Fort Okanogan was founded in 1811 by American explorers ranging upstream from the newly founded trading post of Astoria. They were fur traders; the fur trade was a booming business in 1811, and the Oregon country was the scene of fierce competition between the New York interests of the Astors and the Hudson's Bay Company based in London. Fort Okanogan was abandoned by the Astor interests and taken over by Hudson's Bay Company; before 1847, what became Washington state was claimed by both the British and Americans and Hudson's Bay Company had outposts throughout the region.

Twice a year the local traders would take the furs collected in the last six months and head downriver to Vancouver. The trip was 1,000 miles; the travelers went by canoe, freight bateaux (a style of boat well known on the Canadian frontier) built at the fort, horseback and on foot. Hudson's Bay Company always conducted operations in a certain style; "the parade often included a bagpiper to add to the hardship," wrote Karen Beaudette of the Okanogan County Historical Society in a press release.

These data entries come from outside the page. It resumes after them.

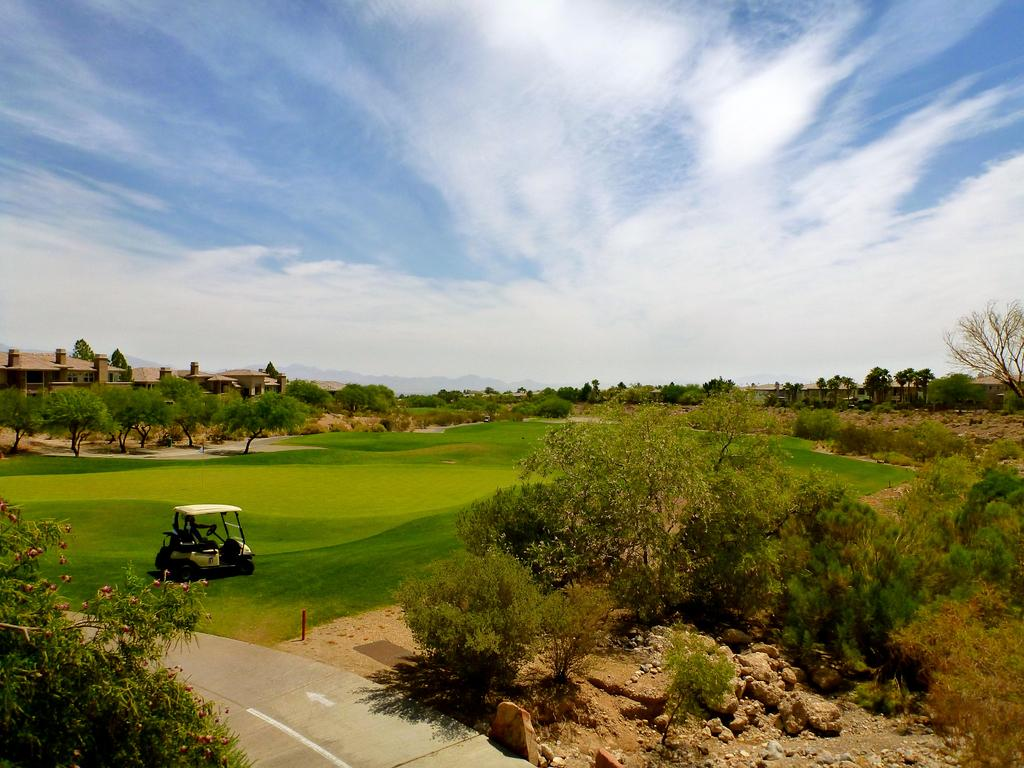What is the main subject of the image? There is a vehicle in the image. Where is the vehicle located? The vehicle is on a greenery ground. What can be seen around the vehicle? There are trees around the vehicle. What is visible in the background of the image? There are buildings in the background of the image. How many cubs are playing near the vehicle in the image? There are no cubs present in the image. What is the amount of snow visible in the image? There is no snow visible in the image; it is set in a greenery environment. 
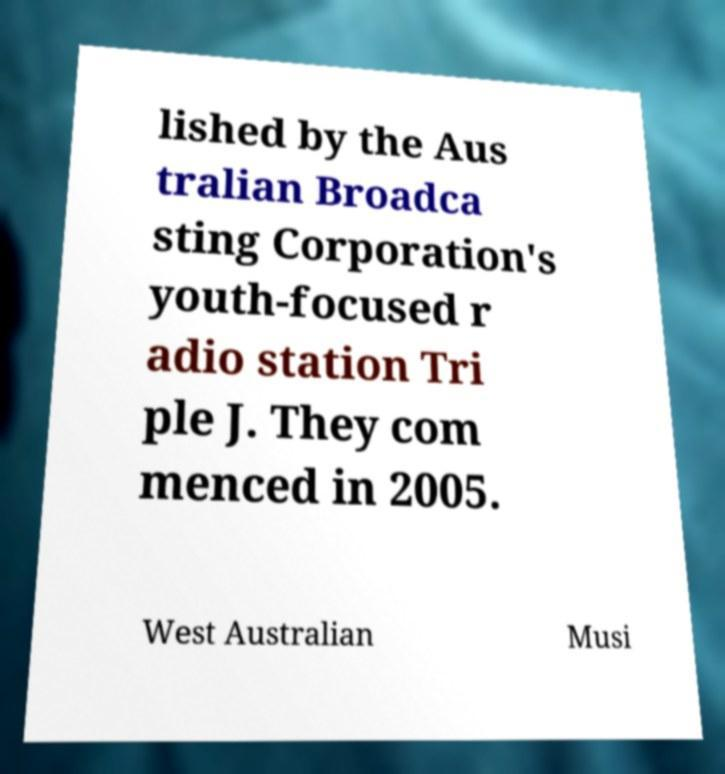I need the written content from this picture converted into text. Can you do that? lished by the Aus tralian Broadca sting Corporation's youth-focused r adio station Tri ple J. They com menced in 2005. West Australian Musi 
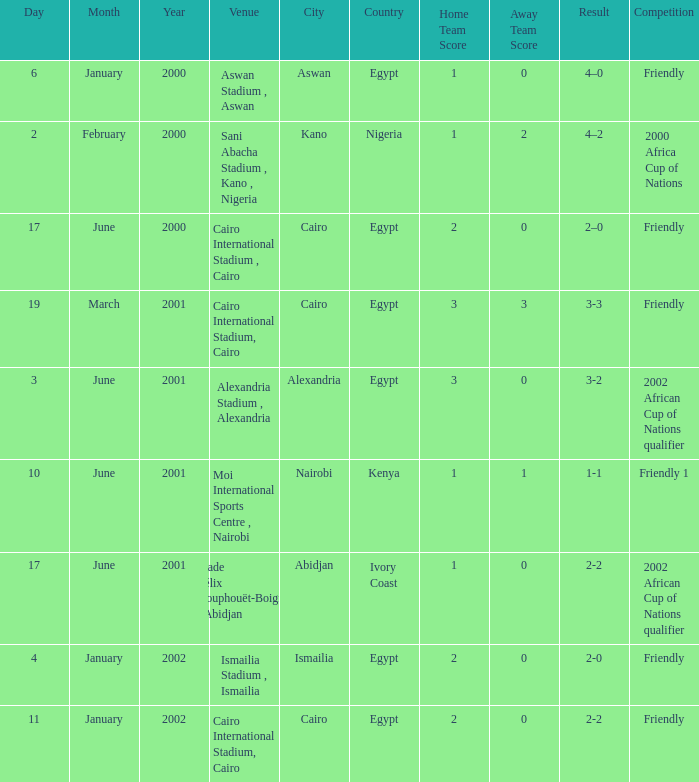What is the score of the match with a 3-2 result? 3–0. 
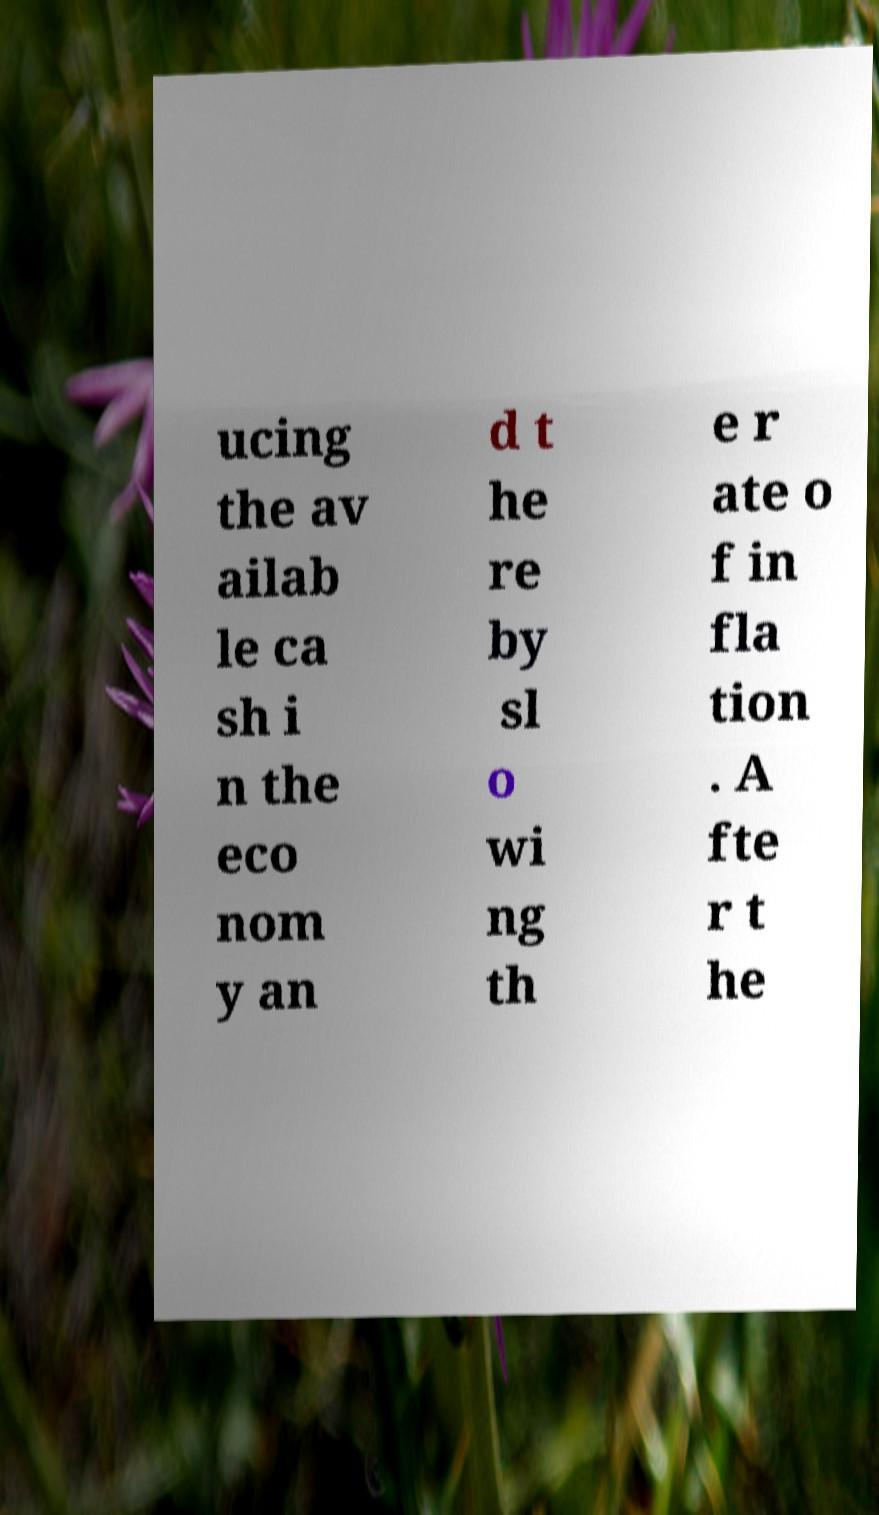Can you accurately transcribe the text from the provided image for me? ucing the av ailab le ca sh i n the eco nom y an d t he re by sl o wi ng th e r ate o f in fla tion . A fte r t he 
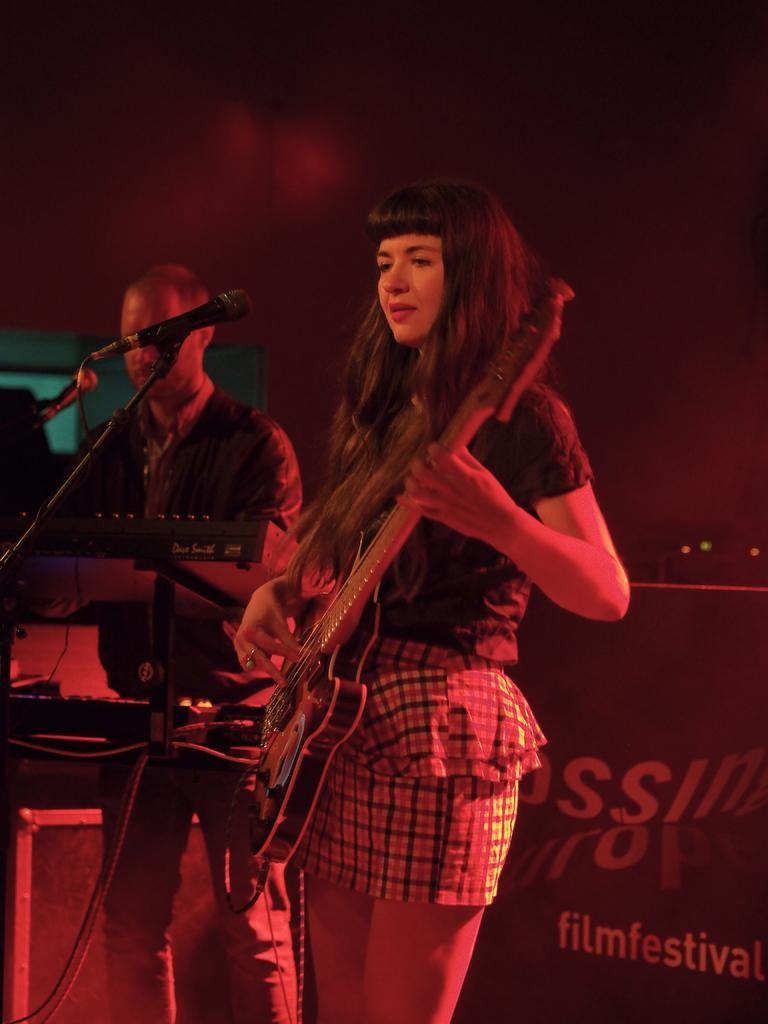Please provide a concise description of this image. This picture shows a woman standing and playing guitar and we see a microphone in front of her and we see a man standing and playing piano on the side and we see a hoarding on their back

The tall felt hat made of beaver fur was the basis of the fur trade; when it went out of fashion the trade went with it. Fort Okanogan was abandoned by the late 1850s, its story almost forgotten. But not quite. The site of the fort-actually two forts; it was moved not long after it was built-was excavated in the early 1960s, prior to the completion of Wells Dam. (The waters from Wells Dam covered both sites.) Historian Lloyd Keith researched the story of the fort and wrote a book, "Fort Okanogan, A Dull and Dreary Place: the Thompson River District in the Fur Trade, 1811-1860." (The title comes from an early occupant who was stuck a little too long on station.) The book will be published this month by the Okanogan County Historical Society.